Exercise details - Print all entries below exactly, without images.

Dataset excerpts

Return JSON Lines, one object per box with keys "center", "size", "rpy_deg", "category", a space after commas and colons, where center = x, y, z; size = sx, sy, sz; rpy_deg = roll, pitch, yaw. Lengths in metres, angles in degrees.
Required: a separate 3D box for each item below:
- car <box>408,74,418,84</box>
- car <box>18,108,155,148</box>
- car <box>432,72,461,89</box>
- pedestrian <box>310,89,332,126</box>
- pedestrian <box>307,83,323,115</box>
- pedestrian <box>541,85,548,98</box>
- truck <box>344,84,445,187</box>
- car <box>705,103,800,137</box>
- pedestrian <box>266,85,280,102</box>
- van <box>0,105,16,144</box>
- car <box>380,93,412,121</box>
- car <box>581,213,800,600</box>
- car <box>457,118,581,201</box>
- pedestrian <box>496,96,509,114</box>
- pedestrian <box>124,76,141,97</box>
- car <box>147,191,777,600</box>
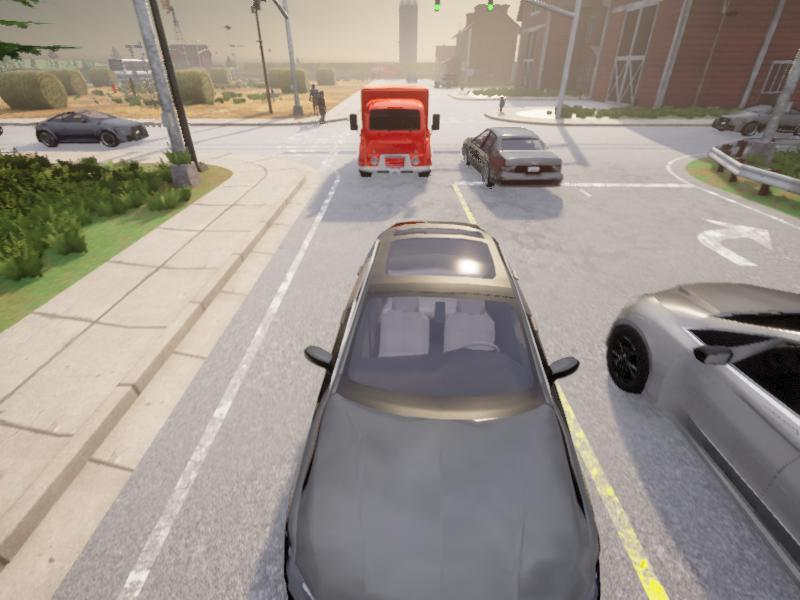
{"center": [2.615, -44.439, 80.370], "size": [1.789, 1.549, 3.705], "rpy_deg": [0, 30, 0], "category": "car"}
{"center": [-13.682, -7.641, 17.736], "size": [4.181, 1.385, 1.994], "rpy_deg": [0, 30, 0], "category": "car"}
{"center": [6.994, -32.979, 60.149], "size": [1.905, 1.878, 3.866], "rpy_deg": [-31, 40, -32], "category": "car"}
{"center": [-4.538, -11.086, 23.070], "size": [0.751, 1.860, 0.751], "rpy_deg": [24, 38, 35], "category": "pedestrian"}
{"center": [-5.697, -13.424, 26.738], "size": [0.751, 1.860, 0.751], "rpy_deg": [-10, 32, -17], "category": "pedestrian"}
{"center": [14.041, -20.220, 38.866], "size": [0.500, 1.100, 0.500], "rpy_deg": [7, 31, 12], "category": "pedestrian"}
{"center": [-0.166, -5.647, 13.206], "size": [2.627, 2.467, 5.204], "rpy_deg": [0, 30, 0], "category": "truck"}
{"center": [18.674, -9.257, 20.514], "size": [4.181, 1.385, 1.994], "rpy_deg": [0, 30, 0], "category": "car"}
{"center": [-11.683, -18.954, 36.729], "size": [0.751, 1.300, 0.751], "rpy_deg": [12, 32, 19], "category": "pedestrian"}
{"center": [-21.167, -8.179, 17.494], "size": [5.915, 2.561, 1.988], "rpy_deg": [0, 30, 1], "category": "van"}
{"center": [-0.325, -13.018, 26.877], "size": [1.994, 1.385, 4.181], "rpy_deg": [-1, 30, -2], "category": "car"}
{"center": [3.447, 0.964, 2.696], "size": [2.242, 1.667, 4.611], "rpy_deg": [0, 30, -1], "category": "car"}
{"center": [3.288, -4.572, 12.432], "size": [2.033, 1.411, 5.357], "rpy_deg": [-1, 30, -3], "category": "car"}
{"center": [6.995, -13.349, 27.362], "size": [0.500, 1.100, 0.500], "rpy_deg": [-18, 35, -28], "category": "pedestrian"}
{"center": [-28.558, -22.774, 42.685], "size": [0.751, 1.860, 0.751], "rpy_deg": [19, 35, 29], "category": "pedestrian"}
{"center": [0.347, 0.391, 3.829], "size": [2.128, 1.511, 4.902], "rpy_deg": [2, 30, 3], "category": "car"}

Response -
Return JSON Lines, one object per box with keys "center", "size", "rpy_deg", "category", a space after commas and colons, where center = x, y, z; size = sx, sy, sz; rpy_deg = roll, pitch, yaw. Lengths in metres, angles in degrees.
Required: a separate 3D box for each item below:
- car <box>408,74,418,84</box>
- car <box>18,108,155,148</box>
- car <box>432,72,461,89</box>
- pedestrian <box>310,89,332,126</box>
- pedestrian <box>307,83,323,115</box>
- pedestrian <box>541,85,548,98</box>
- truck <box>344,84,445,187</box>
- car <box>705,103,800,137</box>
- pedestrian <box>266,85,280,102</box>
- van <box>0,105,16,144</box>
- car <box>380,93,412,121</box>
- car <box>581,213,800,600</box>
- car <box>457,118,581,201</box>
- pedestrian <box>496,96,509,114</box>
- pedestrian <box>124,76,141,97</box>
- car <box>147,191,777,600</box>
{"center": [2.615, -44.439, 80.370], "size": [1.789, 1.549, 3.705], "rpy_deg": [0, 30, 0], "category": "car"}
{"center": [-13.682, -7.641, 17.736], "size": [4.181, 1.385, 1.994], "rpy_deg": [0, 30, 0], "category": "car"}
{"center": [6.994, -32.979, 60.149], "size": [1.905, 1.878, 3.866], "rpy_deg": [-31, 40, -32], "category": "car"}
{"center": [-4.538, -11.086, 23.070], "size": [0.751, 1.860, 0.751], "rpy_deg": [24, 38, 35], "category": "pedestrian"}
{"center": [-5.697, -13.424, 26.738], "size": [0.751, 1.860, 0.751], "rpy_deg": [-10, 32, -17], "category": "pedestrian"}
{"center": [14.041, -20.220, 38.866], "size": [0.500, 1.100, 0.500], "rpy_deg": [7, 31, 12], "category": "pedestrian"}
{"center": [-0.166, -5.647, 13.206], "size": [2.627, 2.467, 5.204], "rpy_deg": [0, 30, 0], "category": "truck"}
{"center": [18.674, -9.257, 20.514], "size": [4.181, 1.385, 1.994], "rpy_deg": [0, 30, 0], "category": "car"}
{"center": [-11.683, -18.954, 36.729], "size": [0.751, 1.300, 0.751], "rpy_deg": [12, 32, 19], "category": "pedestrian"}
{"center": [-21.167, -8.179, 17.494], "size": [5.915, 2.561, 1.988], "rpy_deg": [0, 30, 1], "category": "van"}
{"center": [-0.325, -13.018, 26.877], "size": [1.994, 1.385, 4.181], "rpy_deg": [-1, 30, -2], "category": "car"}
{"center": [3.447, 0.964, 2.696], "size": [2.242, 1.667, 4.611], "rpy_deg": [0, 30, -1], "category": "car"}
{"center": [3.288, -4.572, 12.432], "size": [2.033, 1.411, 5.357], "rpy_deg": [-1, 30, -3], "category": "car"}
{"center": [6.995, -13.349, 27.362], "size": [0.500, 1.100, 0.500], "rpy_deg": [-18, 35, -28], "category": "pedestrian"}
{"center": [-28.558, -22.774, 42.685], "size": [0.751, 1.860, 0.751], "rpy_deg": [19, 35, 29], "category": "pedestrian"}
{"center": [0.347, 0.391, 3.829], "size": [2.128, 1.511, 4.902], "rpy_deg": [2, 30, 3], "category": "car"}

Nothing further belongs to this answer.